> **SOURCE DATA**
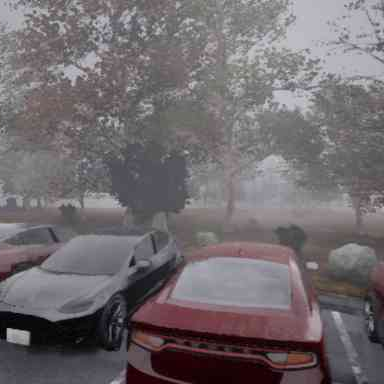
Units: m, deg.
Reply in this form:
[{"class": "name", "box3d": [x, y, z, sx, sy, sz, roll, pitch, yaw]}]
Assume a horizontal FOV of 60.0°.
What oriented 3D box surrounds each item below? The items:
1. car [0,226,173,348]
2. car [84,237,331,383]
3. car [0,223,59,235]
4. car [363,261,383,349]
[{"class": "car", "box3d": [-1.577, 1.511, 6.635, 2.163, 1.488, 4.792, 1, -1, 16]}, {"class": "car", "box3d": [0.818, 1.484, 4.920, 2.097, 1.535, 5.008, 0, -1, 16]}, {"class": "car", "box3d": [-3.952, 1.508, 8.458, 2.163, 1.488, 4.792, 0, -1, 17]}, {"class": "car", "box3d": [3.242, 1.363, 3.228, 2.185, 1.767, 4.553, 1, -1, 16]}]

> **PROBLEM TO SOLVE**
Exactly and only the lines from the one containing "Assume a horizontal FOV of 60.0°." to the end of the entries above are to be written out.

> **ANSWER FOR THE TASK**
Assume a horizontal FOV of 60.0°.
What oriented 3D box surrounds each item below? The items:
1. car [0,226,173,348]
2. car [84,237,331,383]
3. car [0,223,59,235]
4. car [363,261,383,349]
[{"class": "car", "box3d": [-1.577, 1.511, 6.635, 2.163, 1.488, 4.792, 1, -1, 16]}, {"class": "car", "box3d": [0.818, 1.484, 4.920, 2.097, 1.535, 5.008, 0, -1, 16]}, {"class": "car", "box3d": [-3.952, 1.508, 8.458, 2.163, 1.488, 4.792, 0, -1, 17]}, {"class": "car", "box3d": [3.242, 1.363, 3.228, 2.185, 1.767, 4.553, 1, -1, 16]}]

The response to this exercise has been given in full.